2020, Single-Channel Video 

Driving Movie speaks about the relation between reality and spectacle (specifically cinema). The title refers to the movie fragments from Part 1 as well as to the driving clips from Part 2. Most significantly, it refers to the work’s composition, as both Part 1 and Part 2 are shown as projections in a room of which we can see only the ceiling, most likely a cinema hall. The projections are off centred as though the viewer is looking from the side of the cinema hall. The distanced position that the viewer is placed, this second-hand viewing, comments on the effect spectacle has onto reality and perception.

Part 1: Marion’s Rear Car Window uses clips from Hitchcock’s film “Phsycho” as runaway Marion Crane drives towards Bates Motel. The original clips from Hitchcock’s film show Marion at the centre of the frame and of our interest; what happens outside the car is of secondary importance to the story. On the contrary, in Part 1 we only see the fragment of the road visible through the car’s rear window. Here, fragmentation implies the subjective element (what one sees in a movie is a fragment, a projection of what each viewer wants to see), the objective (what one sees in a movie is framed by what the movie wants to communicate) and the rational/irrational (the impact of a movie does not lie in the “centre” but in the “background”, behind the obvious, in what the obvious really means and which is subconsciously internalised in the viewer).

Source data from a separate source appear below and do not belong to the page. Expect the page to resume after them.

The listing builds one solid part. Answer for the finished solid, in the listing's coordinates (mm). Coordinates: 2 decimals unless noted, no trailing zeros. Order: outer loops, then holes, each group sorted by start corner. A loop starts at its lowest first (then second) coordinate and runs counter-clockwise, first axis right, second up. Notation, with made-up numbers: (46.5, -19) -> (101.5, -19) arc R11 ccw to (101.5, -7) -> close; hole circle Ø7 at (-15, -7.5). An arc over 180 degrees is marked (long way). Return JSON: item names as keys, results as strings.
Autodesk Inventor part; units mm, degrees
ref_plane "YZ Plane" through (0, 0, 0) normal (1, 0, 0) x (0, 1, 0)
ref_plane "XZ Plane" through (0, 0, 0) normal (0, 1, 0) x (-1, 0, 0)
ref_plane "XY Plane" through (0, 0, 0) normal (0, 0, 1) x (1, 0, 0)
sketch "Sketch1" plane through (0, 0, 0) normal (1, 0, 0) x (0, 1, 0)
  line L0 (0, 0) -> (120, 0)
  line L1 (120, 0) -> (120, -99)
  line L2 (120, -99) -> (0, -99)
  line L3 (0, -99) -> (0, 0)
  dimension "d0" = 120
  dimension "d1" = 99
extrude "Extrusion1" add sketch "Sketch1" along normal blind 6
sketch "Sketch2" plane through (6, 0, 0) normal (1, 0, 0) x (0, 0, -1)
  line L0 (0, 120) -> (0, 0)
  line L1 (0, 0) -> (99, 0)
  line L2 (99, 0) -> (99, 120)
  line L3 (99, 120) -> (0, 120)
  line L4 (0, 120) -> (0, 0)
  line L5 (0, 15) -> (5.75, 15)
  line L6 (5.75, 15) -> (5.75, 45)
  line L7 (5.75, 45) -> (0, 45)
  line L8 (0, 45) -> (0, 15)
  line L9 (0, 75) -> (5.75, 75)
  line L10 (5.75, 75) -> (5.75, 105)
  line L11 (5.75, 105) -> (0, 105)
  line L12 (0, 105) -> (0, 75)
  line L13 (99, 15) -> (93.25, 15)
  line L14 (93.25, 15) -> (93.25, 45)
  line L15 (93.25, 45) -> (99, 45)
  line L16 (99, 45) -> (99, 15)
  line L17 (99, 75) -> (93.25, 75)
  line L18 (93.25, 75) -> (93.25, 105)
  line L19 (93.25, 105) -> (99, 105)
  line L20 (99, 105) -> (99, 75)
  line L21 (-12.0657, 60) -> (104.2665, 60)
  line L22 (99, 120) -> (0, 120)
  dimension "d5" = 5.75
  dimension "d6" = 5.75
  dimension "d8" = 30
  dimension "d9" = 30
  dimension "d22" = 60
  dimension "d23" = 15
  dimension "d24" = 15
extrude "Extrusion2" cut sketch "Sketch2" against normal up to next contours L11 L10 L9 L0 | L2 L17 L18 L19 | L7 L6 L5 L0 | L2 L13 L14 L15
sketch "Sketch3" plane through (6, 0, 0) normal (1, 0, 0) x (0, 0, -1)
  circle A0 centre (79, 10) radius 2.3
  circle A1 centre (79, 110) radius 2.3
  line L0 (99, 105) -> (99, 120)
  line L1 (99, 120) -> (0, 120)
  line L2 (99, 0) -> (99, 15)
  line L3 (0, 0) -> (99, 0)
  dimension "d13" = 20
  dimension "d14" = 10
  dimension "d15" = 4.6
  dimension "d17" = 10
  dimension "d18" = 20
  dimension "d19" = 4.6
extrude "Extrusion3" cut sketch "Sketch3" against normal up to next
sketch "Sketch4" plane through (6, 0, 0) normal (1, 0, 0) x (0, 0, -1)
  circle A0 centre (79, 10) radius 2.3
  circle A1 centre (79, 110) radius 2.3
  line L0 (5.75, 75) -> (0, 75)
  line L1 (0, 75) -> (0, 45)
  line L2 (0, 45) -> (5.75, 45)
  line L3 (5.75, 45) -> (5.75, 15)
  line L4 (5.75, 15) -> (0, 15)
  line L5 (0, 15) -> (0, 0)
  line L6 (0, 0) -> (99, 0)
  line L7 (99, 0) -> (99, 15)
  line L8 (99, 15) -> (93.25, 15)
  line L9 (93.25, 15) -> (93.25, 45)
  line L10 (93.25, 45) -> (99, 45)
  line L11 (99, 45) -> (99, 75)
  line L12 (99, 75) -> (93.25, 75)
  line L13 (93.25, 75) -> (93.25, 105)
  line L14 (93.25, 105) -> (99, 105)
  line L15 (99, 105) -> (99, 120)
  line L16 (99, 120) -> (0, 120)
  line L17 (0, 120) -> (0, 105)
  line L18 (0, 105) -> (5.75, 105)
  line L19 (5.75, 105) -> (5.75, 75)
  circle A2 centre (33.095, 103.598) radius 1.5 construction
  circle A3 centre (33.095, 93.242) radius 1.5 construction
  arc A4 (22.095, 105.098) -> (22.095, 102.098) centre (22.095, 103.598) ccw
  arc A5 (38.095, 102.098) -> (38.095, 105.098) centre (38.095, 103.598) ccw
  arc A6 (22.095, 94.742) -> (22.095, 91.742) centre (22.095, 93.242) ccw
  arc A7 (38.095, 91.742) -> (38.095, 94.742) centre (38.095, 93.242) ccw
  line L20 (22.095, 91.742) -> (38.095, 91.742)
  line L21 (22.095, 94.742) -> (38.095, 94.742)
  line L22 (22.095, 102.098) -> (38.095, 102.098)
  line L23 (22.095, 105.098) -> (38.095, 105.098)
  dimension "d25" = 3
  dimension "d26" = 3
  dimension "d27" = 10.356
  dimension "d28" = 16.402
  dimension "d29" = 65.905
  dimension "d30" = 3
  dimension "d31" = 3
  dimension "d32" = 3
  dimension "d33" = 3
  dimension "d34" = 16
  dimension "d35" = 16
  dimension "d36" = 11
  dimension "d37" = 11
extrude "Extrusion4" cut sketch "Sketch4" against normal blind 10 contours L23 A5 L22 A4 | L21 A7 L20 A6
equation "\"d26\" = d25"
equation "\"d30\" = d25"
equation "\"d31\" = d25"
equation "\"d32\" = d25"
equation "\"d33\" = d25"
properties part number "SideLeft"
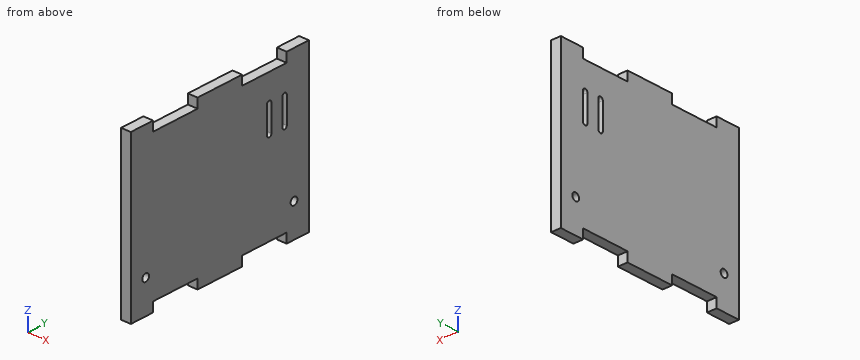
1. The part is cut by section B-B on y = 10. Give the vertices of the cut face in (x, z).
Answer block:
{"outline": "(0, -99) -> (6, -99) -> (6, -81.3) -> (0, -81.3) -> close; (0, -76.7) -> (6, -76.7) -> (6, 0) -> (0, 0) -> close"}
2. The part is cut by section A-A on z = -79. Give the vertices of the cut face in (x, y), and give its area (3 significant figures).
Answer block:
{"outline": "(0, 0) -> (6, 0) -> (6, 7.7) -> (0, 7.7) -> close; (0, 12.3) -> (6, 12.3) -> (6, 107.7) -> (0, 107.7) -> close; (0, 112.3) -> (6, 112.3) -> (6, 120) -> (0, 120) -> close", "area": "665 mm2"}
3. The part is cut by section C-C on x = 3.95. Give the number of separate pieces and of enclosed holes in the cut face, and give its area (3 significant figures).
Answer block:
{"separate pieces": "1", "enclosed holes": "4", "area": "11,000 mm2"}
4. Consider line 1 (Y direction, x = 4.35, z = -79); line 2 (Y direction, x = 4.75, z = -29); line 3 (Z direction, x = 4.75, y = 88). Determine where each line is inside the solid, lowest interval first. Write a range as from..to.
Answer block:
{"line 1": "y = 0..7.7, 12.3..107.7, 112.3..120", "line 2": "y = 0..91.74, 94.74..102.1, 105.1..120", "line 3": "z = -93.25..-5.75"}
5. Each of these flat-tipped pins is pushed along its axis until it touches: pin 1 Ø3 at (x, y) = (4.5, 93.5) entering from -Z; pin 2 Ø1.5 at (x, y) = (4, 42) entering from +Z. Where does it stop, or does it pass through?
Answer block:
{"pin 1": "stops at z = -93.25", "pin 2": "stops at z = -5.75"}
6. The part is cut by section D-D on y = 77. Give the vertices of the cut face in (x, z), and give its area (3 significant figures).
Answer block:
{"outline": "(0, -93.25) -> (6, -93.25) -> (6, -5.75) -> (0, -5.75) -> close", "area": "525 mm2"}

Part 2: Reality Upon Marion Reclaimed uses clips from inside a car taken with a mobile camera. Its “amateuristic style” alludes to reality, but how real is this reality? Part 2 inherits an aura from spectacle and becomes cinematic as well. To the extent that reality draws from spectacle, Marion (the spectacle) has reclaimed reality and has transformed it. To the extent that reality is at the end of the day something not fictional, reality has re-claimed reality from Marion, but this recovery has brought another transformation: As the aura of spectacle slowly fades away, the video becomes more and more aggressive in a desperate attempt to stick to the spectacle.